In both cases it is clear that the top journals citing these two journals were themselves—with JACS having 20,469 self-citations and Science having 3,397 self-citations.  It can be deduced that the bulk of the Science self-citations were not to chemistry articles.  This can be seen in the imbalance with which these two journals cited each other.  Thus, Science was the lowest of the journals citing JACS, with a count of only 304, whereas JACS was the second-highest of the journals citing Science, with a count of 2,776.  In the raw-count form both journals’ distribution manifest the typical shape of a compound Poisson, contagious distribution with the majority of the journals concentrated below the arithmetic mean, the long tail to the right causing huge variance, and an extremely high variance-to-mean ratio—3,429.46 for JACS and 968.68 for Science.  These shapes and high variance-to-mean ratios are natural products of the probabilistic heterogeneity of the journals and their subsets acting in conjunction with a contagious process.

 

The effect of the logarithmic transformation is similar for both JACS and Science.  First, the location of the distributions as measured by the arithmetic mean shifts from near the bottom of the range to near the top of the range, indicating an increase in relative probability.  Second, the variance is drastically below the arithmetic mean, resulting in extremely low variance-to-mean ratios—0.03 for JACS and 0.08 for Science.  Third, instead of being skewed asymmetrically, the observations tend to distribute themselves symmetrically around the arithmetic mean within the constricted variance.  This is the shape that results from random measurement error around the mean.  From this demonstration it is easy to see that logarithmic transformation for purposes of inferential statistics results not in a more accurate description of reality, but is a mental model of reality artificially structured to conform to a law of error.  It is interesting to note that the logarithmic transformation of the JACS distribution reveals Science as a possible outlier.

 

4.2      Negative powerlaws at the level of the database

 

While the previous analysis showed the lognormality of the distribution in a local citation environment, one can wonder whether this lognormality also exists in the larger dataset, that is, including the tails of the distributions.
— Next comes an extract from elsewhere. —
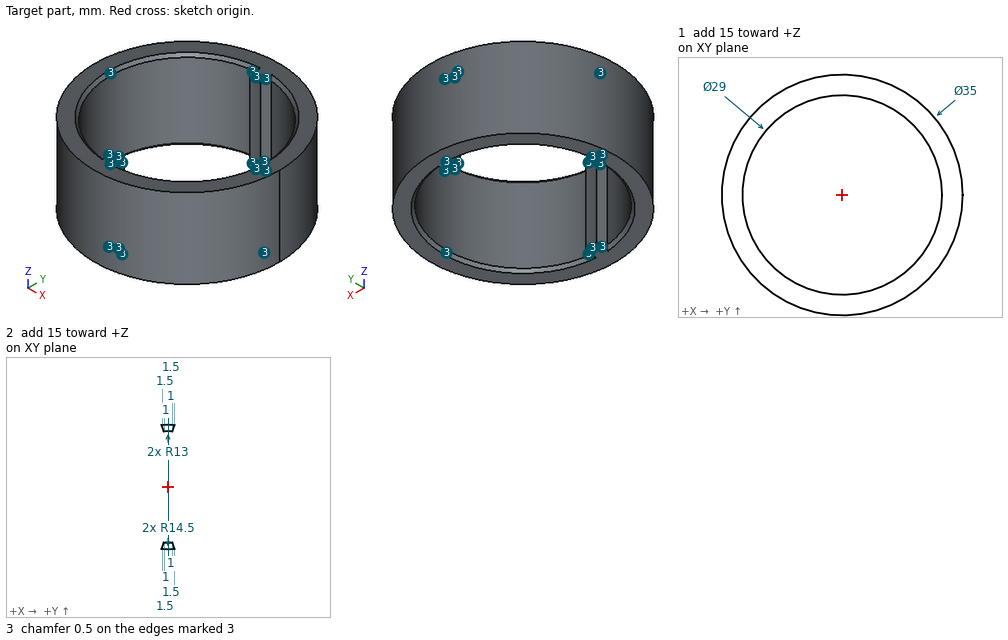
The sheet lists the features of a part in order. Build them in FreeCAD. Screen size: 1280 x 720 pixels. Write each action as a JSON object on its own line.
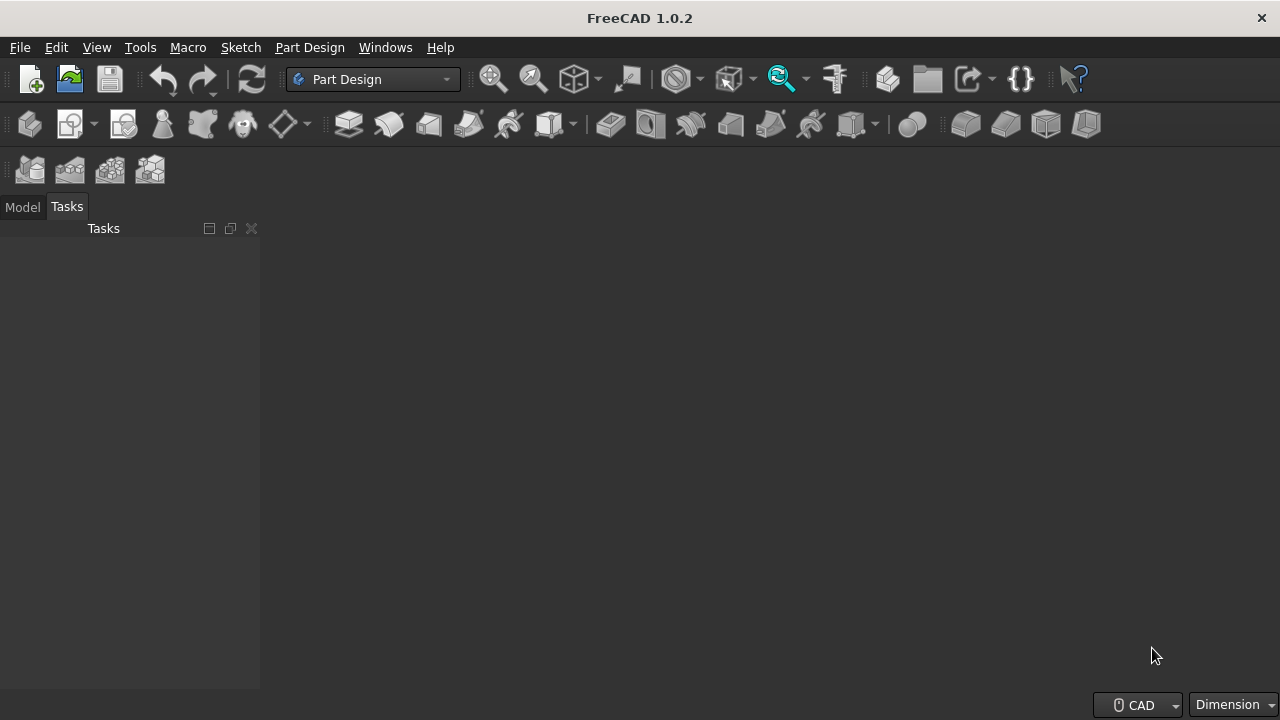
{"action": "left_click", "coordinate": [30, 80]}
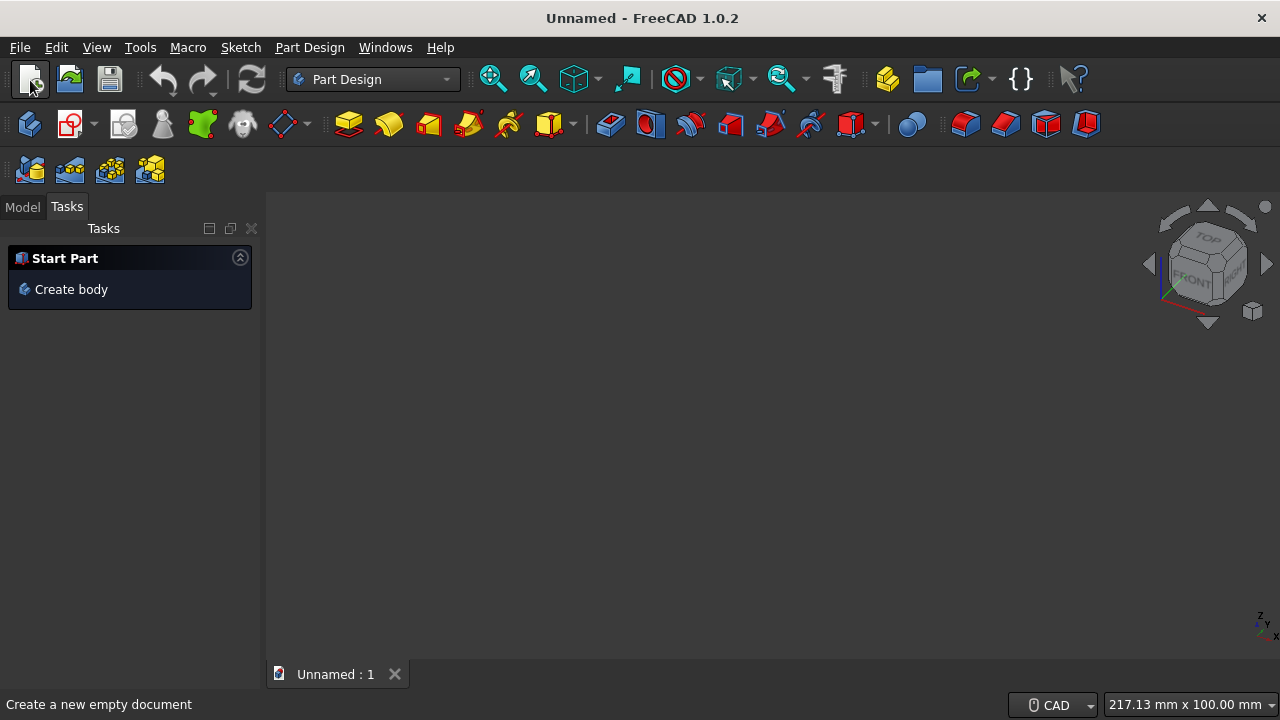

Is the JCR data loglinear? Does the logarithmic transformation provide us with a more adequate description of the citation distribution of these journals at the level of the database? Let us inspect the fit with a negative powerlaw by plotting the citation distributions of these 21 journals log-log using the full set of the 5907 journals included in this database.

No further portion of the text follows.